Solving the Problem of Sequence Selective RNA Recognition by Small Molecules with Application to Myotonic Dystrophy and HIV

Synthetic small molecules that bind specific RNA sequences with high affinity are essential biochemical probes for understanding cellular process and as therapeutic agents for treatment of diseases. This is in part because ribonucleic acid (RNA) is not simply an intermediary between DNA and protein biosynthesis. Rather, RNA plays a central role in biochemical processes including enzyme catalysis, protein translation, transcription or posttranscriptional regulation of gene expression and in many disease states. However the ability to design small molecules to selectively bind RNA sequences and elicit RNA-dependent biological responses is still an unsolved topic in bioorganic chemistry.;This thesis describes a strategy to transform small molecules identified from a Resin Bound Dynamic Chemistry (RBDCC) library into high affinity and sequence selective RNA-ligands with in vitro and in vivo activities. This strategy was tested using a CUG trinucleotide repeat (implicated in Myotonic Dystrophy type 1) and an HIV-1 frameshift inducing RNA (relevant for effective translation of gag and pol gene during HIV replication) as models.;Introduction of a benzo[g]quinoline substructure previously unknown in the context of RNA recognition, as well as other modifications, provided several molecules with enhanced binding properties, including compounds with strong selectivity for CUG repeats over CAG repeats or CAG-CUG duplex RNA. Compounds readily penetrate cells, and improve luciferase activity in a mouse myoblast assay in which enzyme function is coupled to a release of nuclear CUG-RNA retention.
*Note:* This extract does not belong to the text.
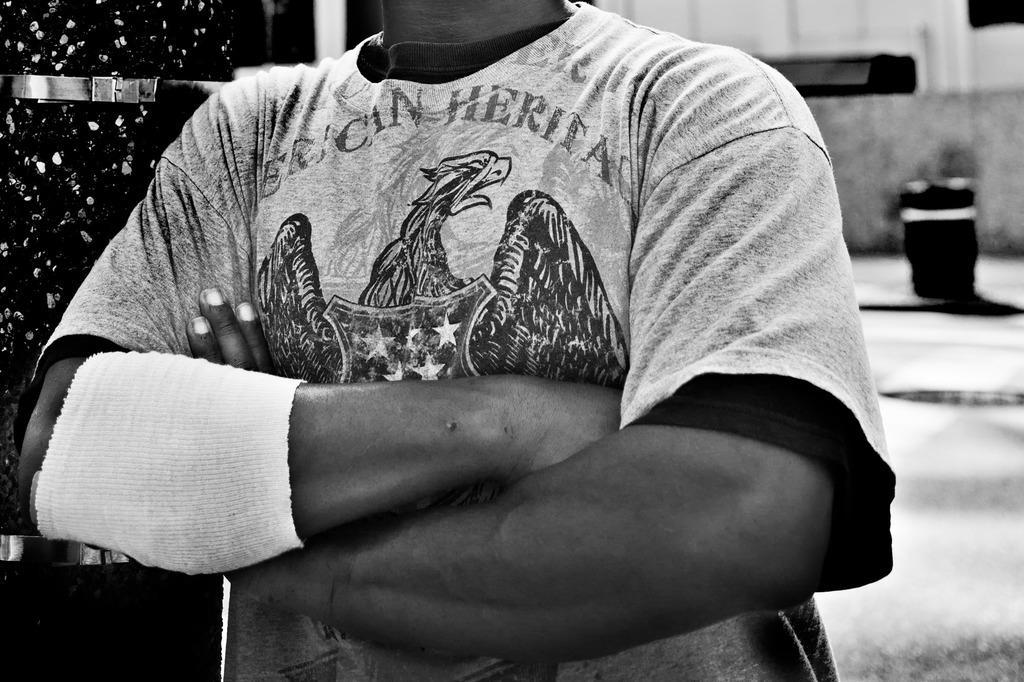In one or two sentences, can you explain what this image depicts? This is the black and white image where we can see a person wearing T-shirt on which we can see a bird and we can see a band on the hand. The background of the image is slightly blurred. 
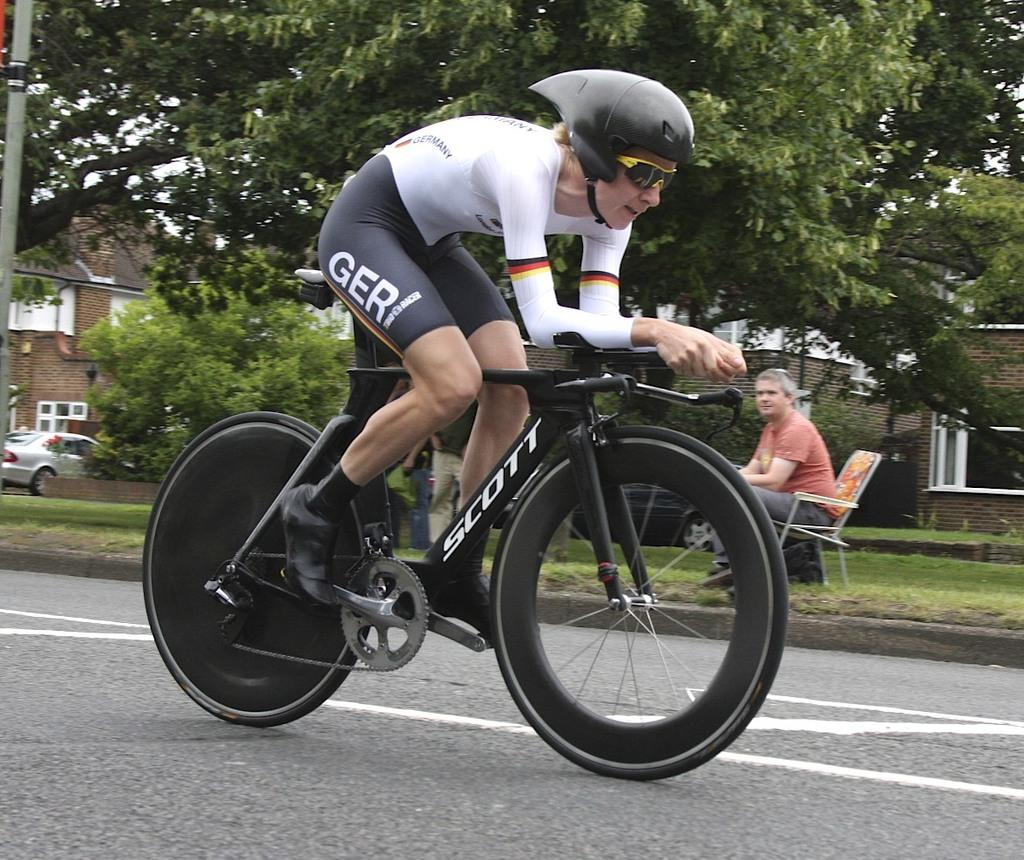What is the main subject of the image? The main subject of the image is a person riding a bicycle. Is there anyone else present in the image? Yes, there is another person sitting beside the cyclist in the image. What type of jeans is the bat wearing in the image? There is no bat or jeans present in the image.

Most importantly, two compounds are able to partially restore splicing in a mouse model of DM1. In a parallel effort, the natural product lomofungin was identified in a high throughput screen as potent inhibitor of the MBNL-CUG repeat RNA interaction. Analysis of lomofungin showed that it degraded in DMSO to form a dimer that was 17-fold more active than lomofungin. In the context of HIV-1, the transformed compounds stimulated frameshifting in HIV-1 by > 50 % as measured by a dual luciferase frameshift assay in transiently transfected HEK 293 FT cells. Importantly, this increased frameshifting translated into a significant inhibition of viral infectivity in pseudotyped HIV.